• _Your goal_: Please return only the lines from the one with "From the image, a" through the final line of the data, unchanged, with pictures omitted.

• _Given data_:
+===+

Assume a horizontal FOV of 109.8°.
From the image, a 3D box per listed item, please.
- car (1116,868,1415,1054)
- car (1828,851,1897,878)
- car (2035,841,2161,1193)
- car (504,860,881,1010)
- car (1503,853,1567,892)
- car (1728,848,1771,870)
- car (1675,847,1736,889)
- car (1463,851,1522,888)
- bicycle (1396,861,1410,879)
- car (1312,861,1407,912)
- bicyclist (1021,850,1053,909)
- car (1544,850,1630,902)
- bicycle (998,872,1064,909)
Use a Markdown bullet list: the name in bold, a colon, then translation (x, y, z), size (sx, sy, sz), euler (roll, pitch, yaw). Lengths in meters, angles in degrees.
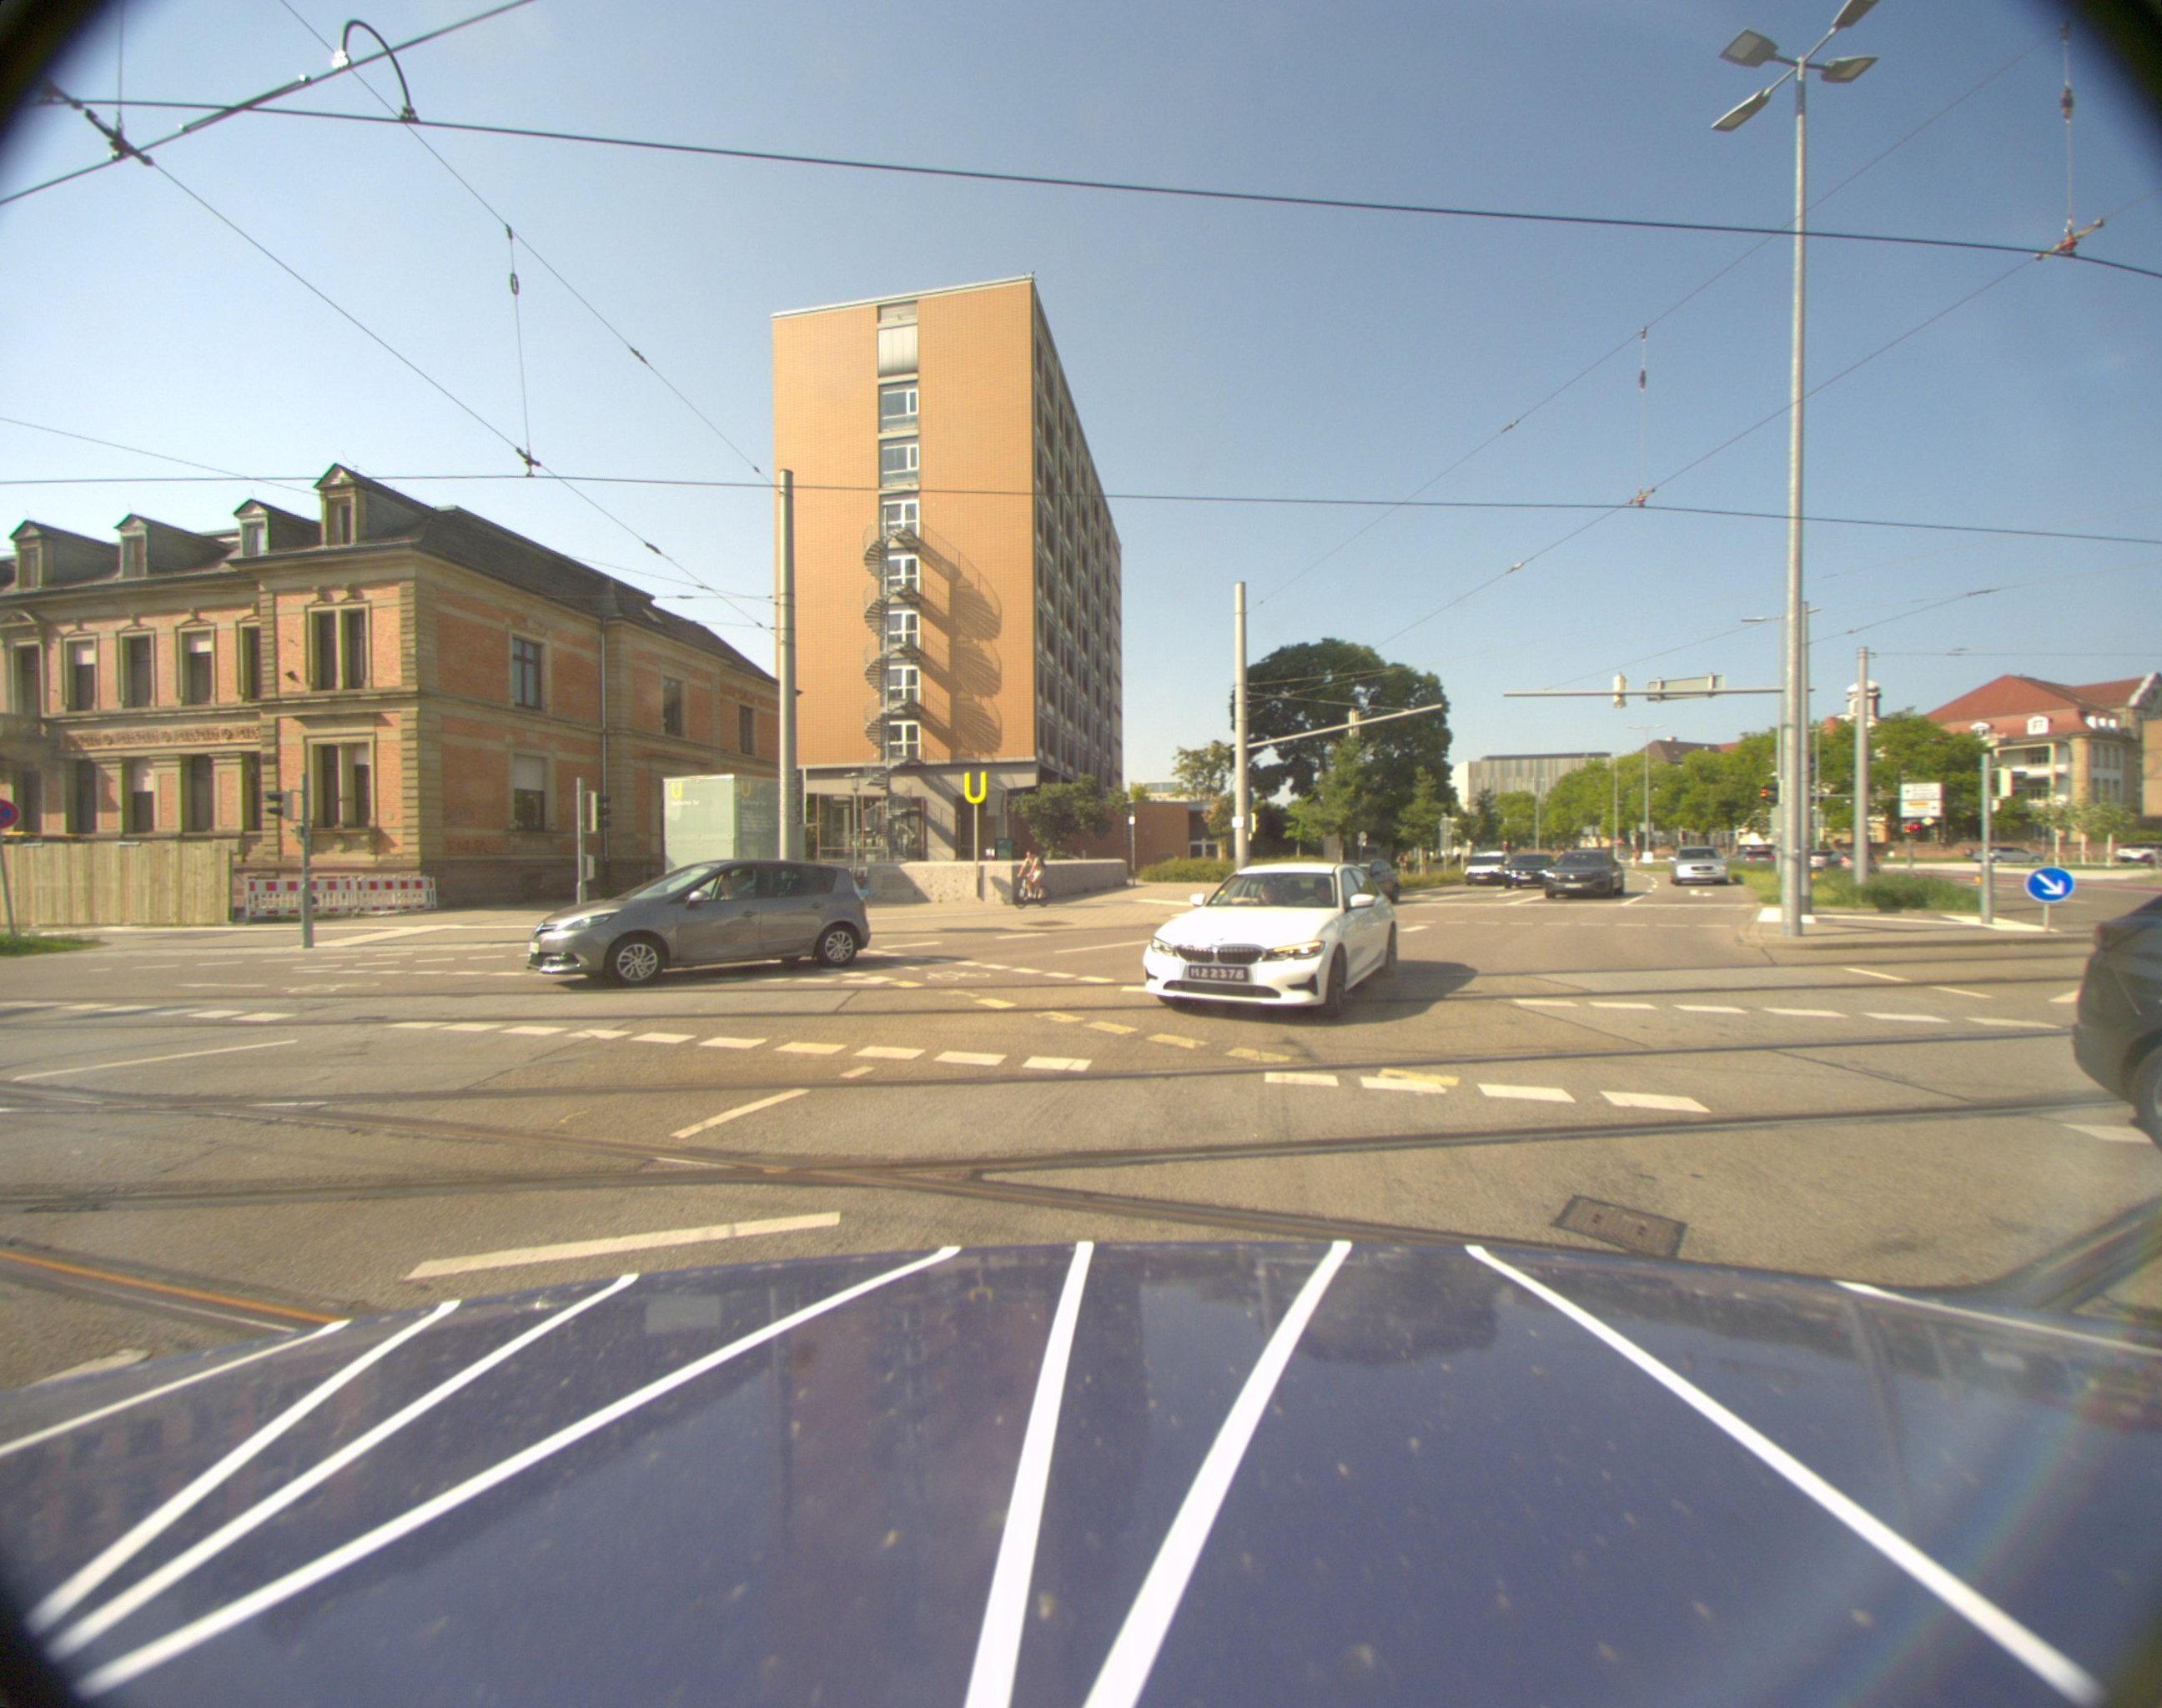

+===+

• _Completed exercise_:
From the image, a 3D box per listed item, please.
- car (1116,868,1415,1054)
- car (1828,851,1897,878)
- car (2035,841,2161,1193)
- car (504,860,881,1010)
- car (1503,853,1567,892)
- car (1728,848,1771,870)
- car (1675,847,1736,889)
- car (1463,851,1522,888)
- bicycle (1396,861,1410,879)
- car (1312,861,1407,912)
- bicyclist (1021,850,1053,909)
- car (1544,850,1630,902)
- bicycle (998,872,1064,909)
Use a Markdown bullet list: the name in bold, a colon, then translation (x, y, z), size (sx, sy, sz), euler (roll, pitch, yaw). Lengths in meters, angles in degrees.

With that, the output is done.